An Uyghur woman who fled to the Netherlands from the human rights violations by the Chinese authorities in Xinjiang agreed to be interviewed by The Sankei Shimbun on August 11. Her testimony of her experiences of forced sterilization brought to light the heart-rending reality facing women in the Xinjiang autonomous region, where women in their teens to their 50s are forced to undergo contraception or sterilization surgery on a regular basis.

She is Qelbinur Sidik, a 52-year-old former elementary school teacher from Urumqi, the Uyghur regional capital. In July 2017, she was fitted with an intrauterine device (IUD) by a doctor who said it was for birth control.

“In the spring of 2017, I received a message on my cell phone summoning me to a local health facility within three months. The message was sent simultaneously to women between the ages of 18 and 50 living in the same area,” she shared.

When Qelbinur arrived at the designated facility, she found herself among almost 200 women. They were each led in turn to a small room in the basement, where a female doctor instructed the women to lie down on a bed.  

“When they put the device inside me, I screamed. I had to bite my hand to endure it,” she recalled. The procedure was over in about 40 minutes. Qelbinur could hear the screams of the women in the surrounding rooms.

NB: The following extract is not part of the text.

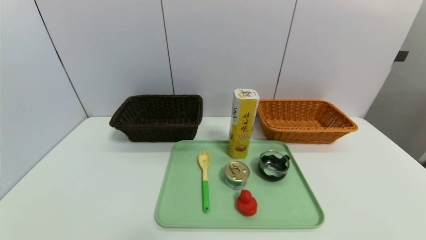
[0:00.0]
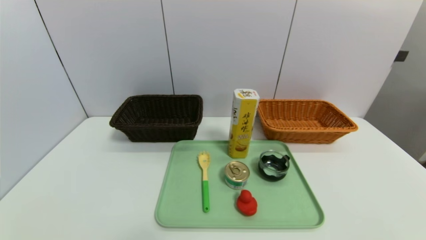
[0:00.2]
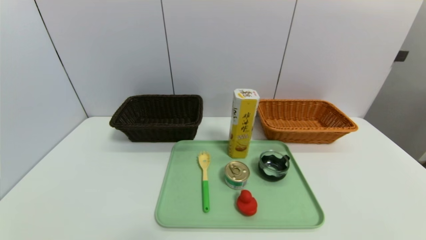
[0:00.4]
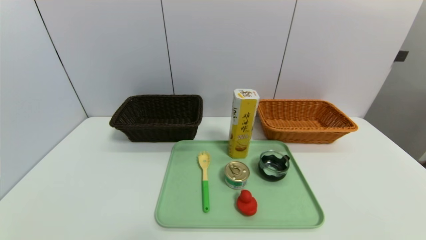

But the bleeding didn’t stop after she went home, so she had the IUD removed by a local doctor. However, in the spring of 2018, she was summoned again for an IUD insertion. When she complained that the device wasn’t suitable for her body, the doctor simply told her that it would be over soon. In November, Qelbinur was hospitalized for three weeks because the bleeding wouldn’t stop. The device was removed from her body again.

In the spring of 2019, Qelbinur received her third summons. The age range had been expanded to 18 to 59 years old. This time, Qelbinur was told that, instead of an IUD, tubal ligation would be done to sterilize her. She tried to resist by telling the authorities that she was already 50 years old and didn’t want the procedure, but her desperate pleas were ignored. She was given an injection, and the surgery was completed while she was unconscious.

“No one could escape because we were afraid of the police. Even the women living in the same neighborhood couldn’t talk to each other. Every day was like living in a prison,” she recalled.

In the fall of 2019, Qelbinur was allowed to leave China for the Netherlands, where her eldest daughter was staying, on the grounds of medical treatment.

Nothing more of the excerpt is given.